**SUPPLIED MATERIAL**
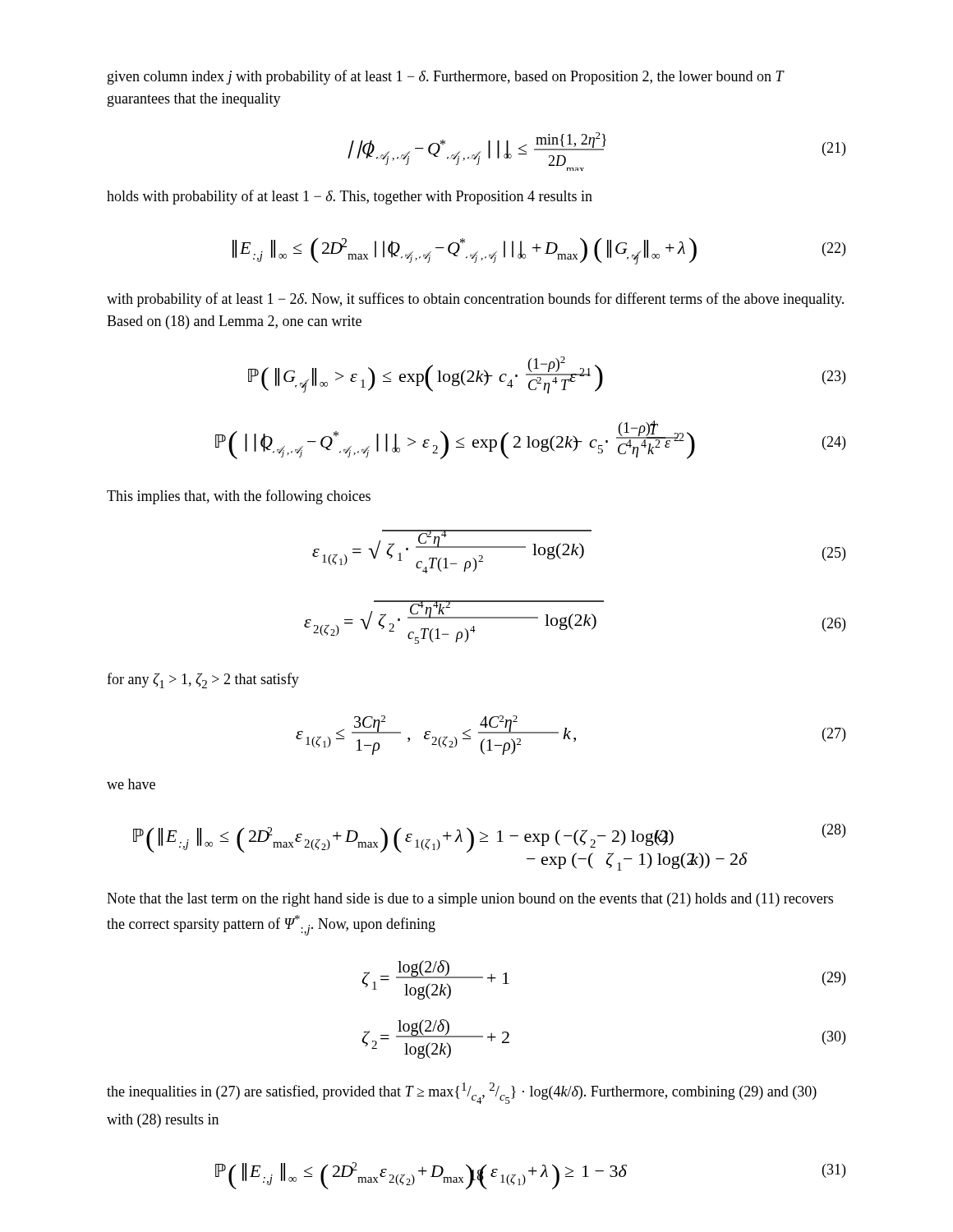Find the region starting "given column index j with probability"
This screenshot has height=1232, width=953.
(x=445, y=87)
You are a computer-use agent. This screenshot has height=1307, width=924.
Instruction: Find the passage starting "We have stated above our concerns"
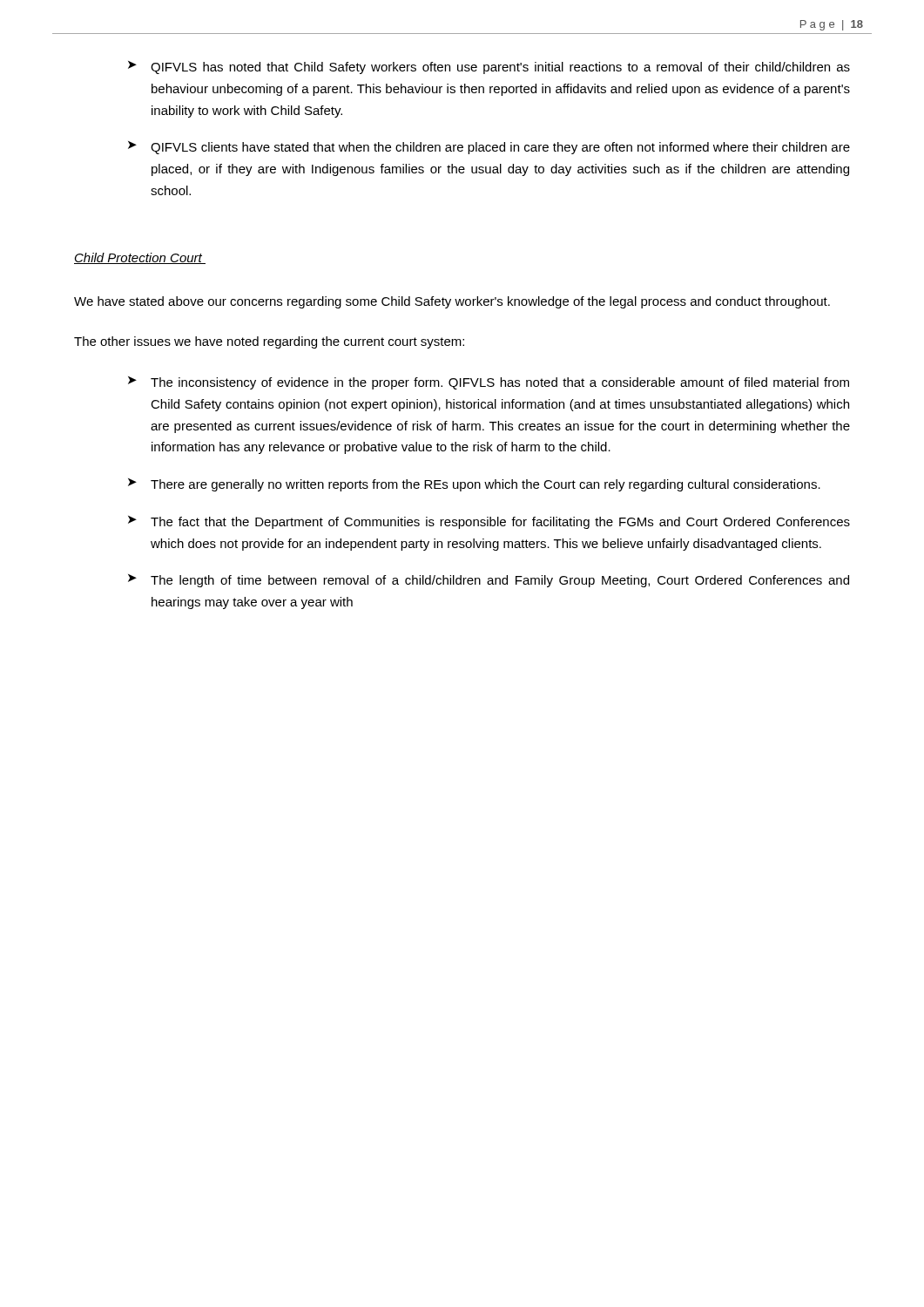click(x=452, y=301)
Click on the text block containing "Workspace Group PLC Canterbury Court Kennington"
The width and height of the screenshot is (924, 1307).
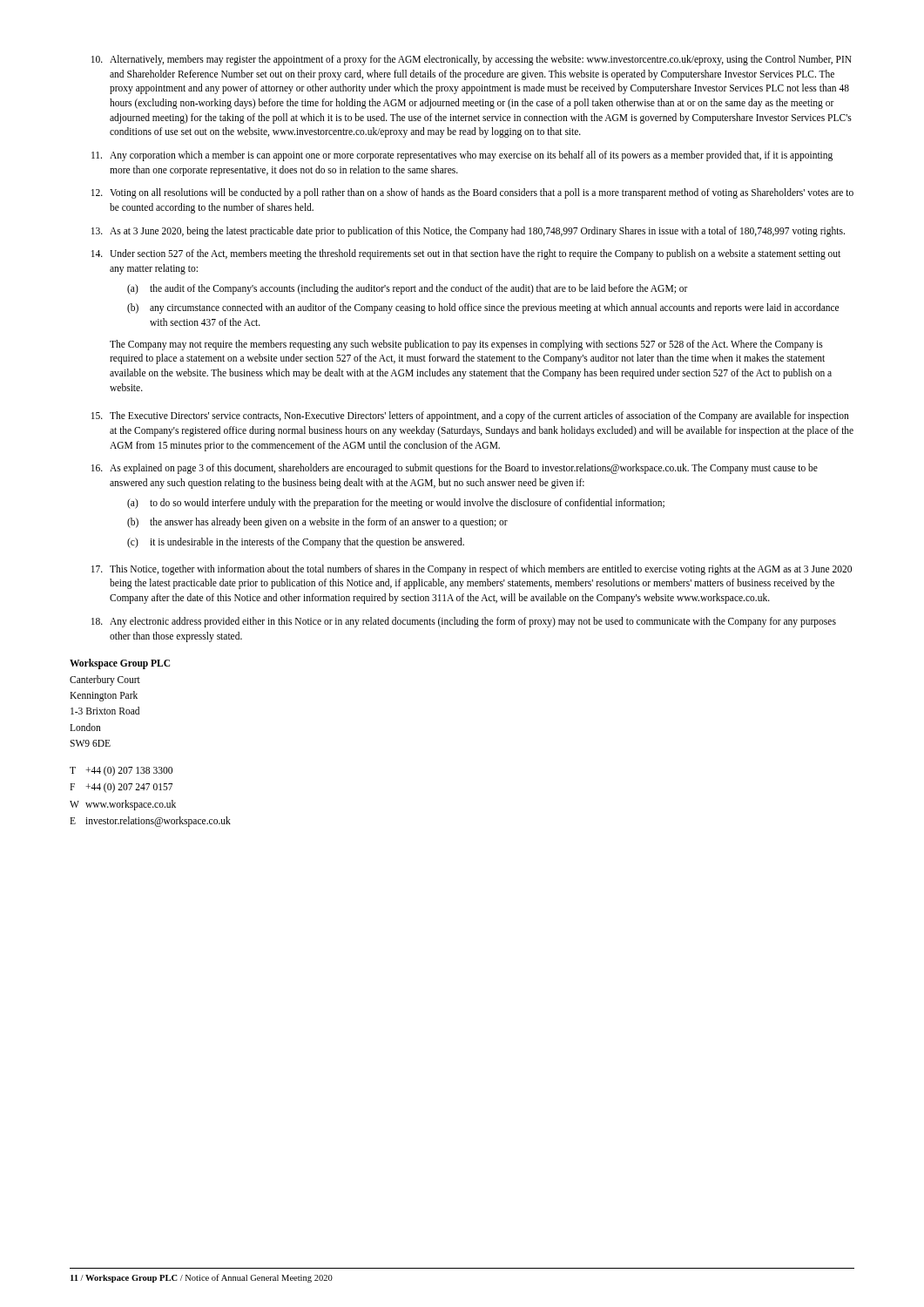click(x=120, y=703)
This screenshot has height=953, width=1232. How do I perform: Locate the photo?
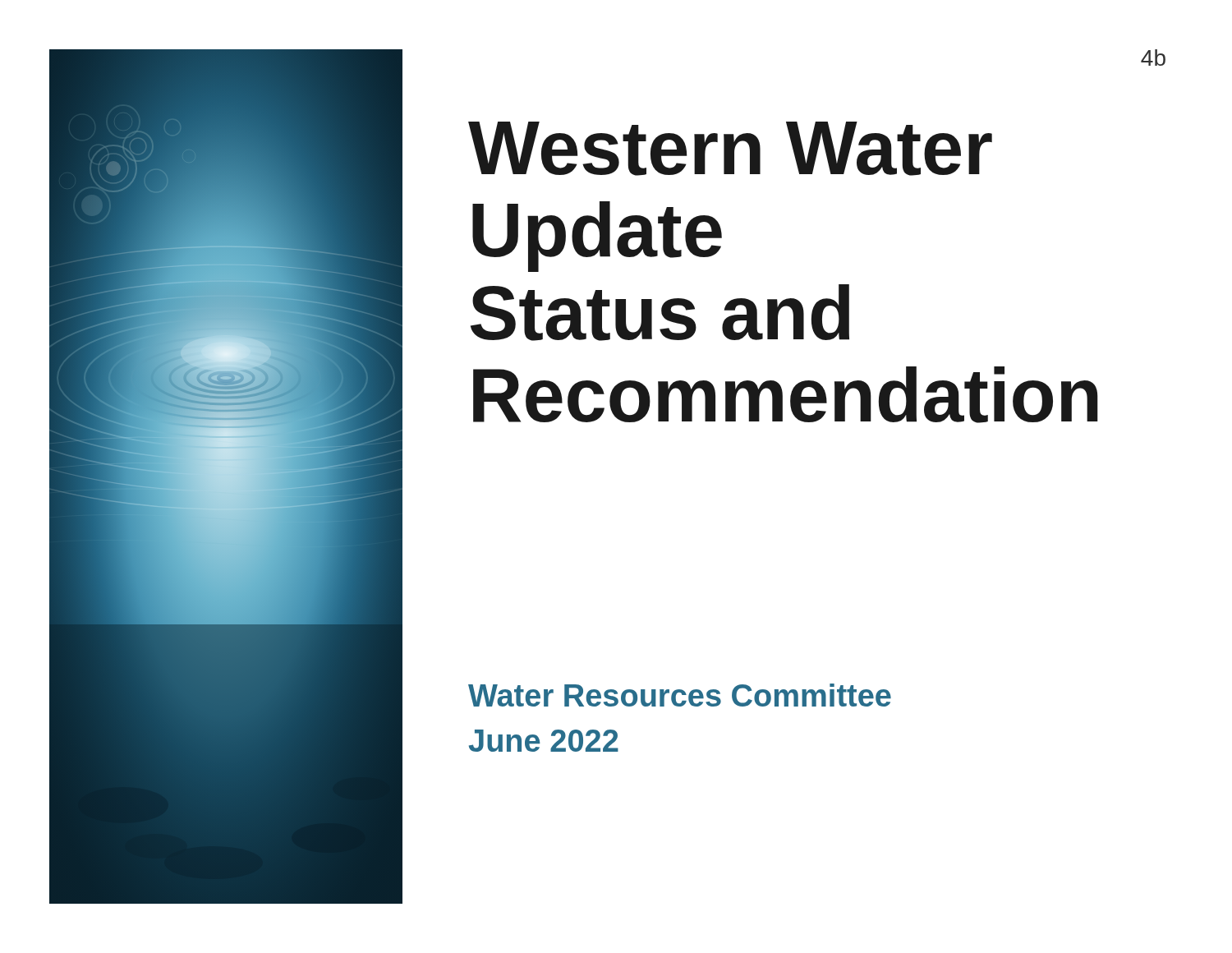point(226,476)
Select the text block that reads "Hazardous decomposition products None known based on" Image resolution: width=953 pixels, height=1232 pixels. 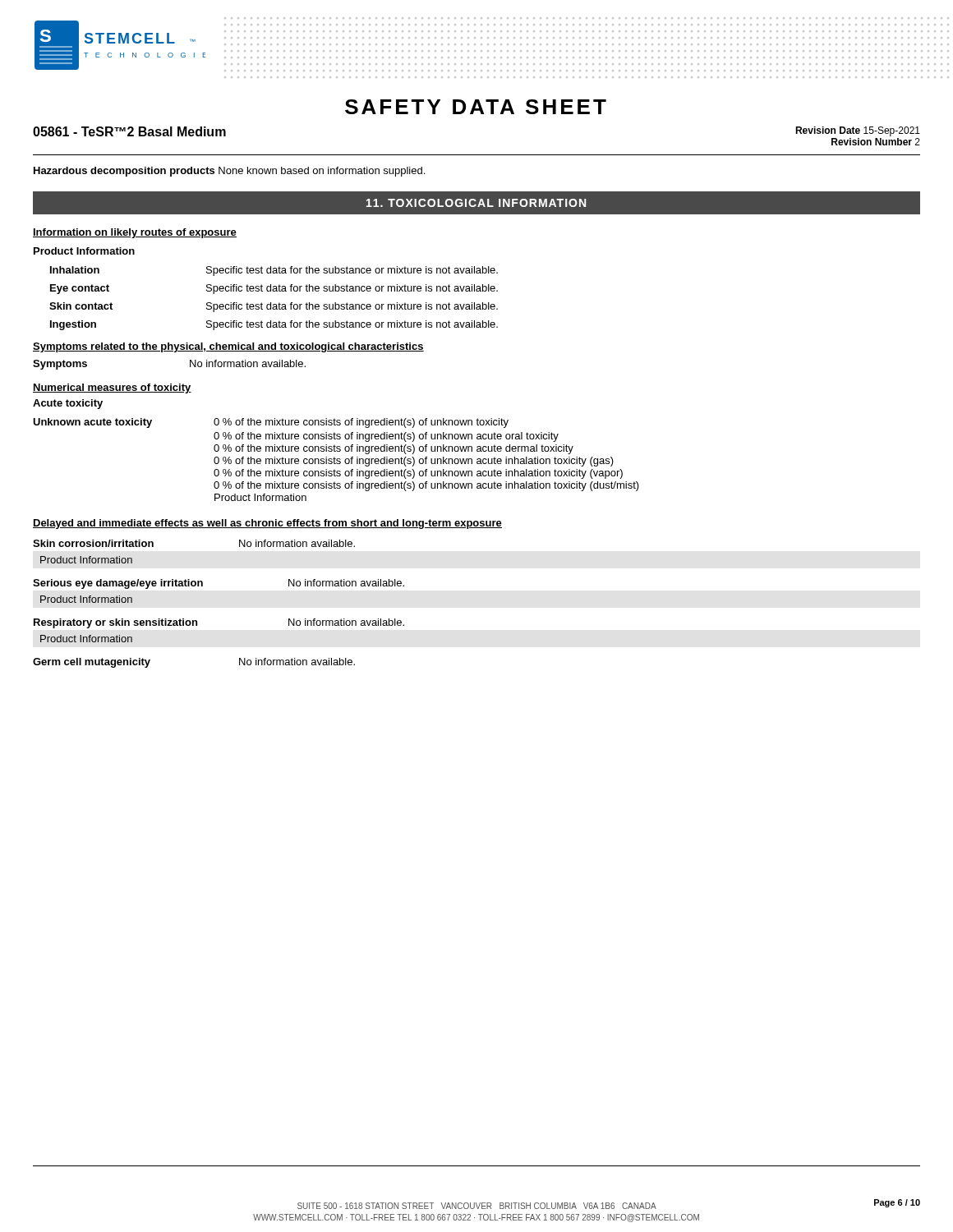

**REQUIRED WORK**
Your copy should hold exactly the lines from the line containing "You are a computer-use" through the last line of the listing above, both included, and no pictures.

**OUTPUT FOR THIS TASK**
You are a computer-use agent. This screenshot has height=1307, width=924.
Instruction: Find the passage starting "We have stated above our concerns"
click(x=452, y=301)
Click on the text block containing "Workspace Group PLC Canterbury Court Kennington"
The width and height of the screenshot is (924, 1307).
click(x=120, y=703)
This screenshot has height=953, width=1232. How do I perform: Locate the photo?
point(226,476)
Select the text block that reads "Hazardous decomposition products None known based on" Image resolution: width=953 pixels, height=1232 pixels. 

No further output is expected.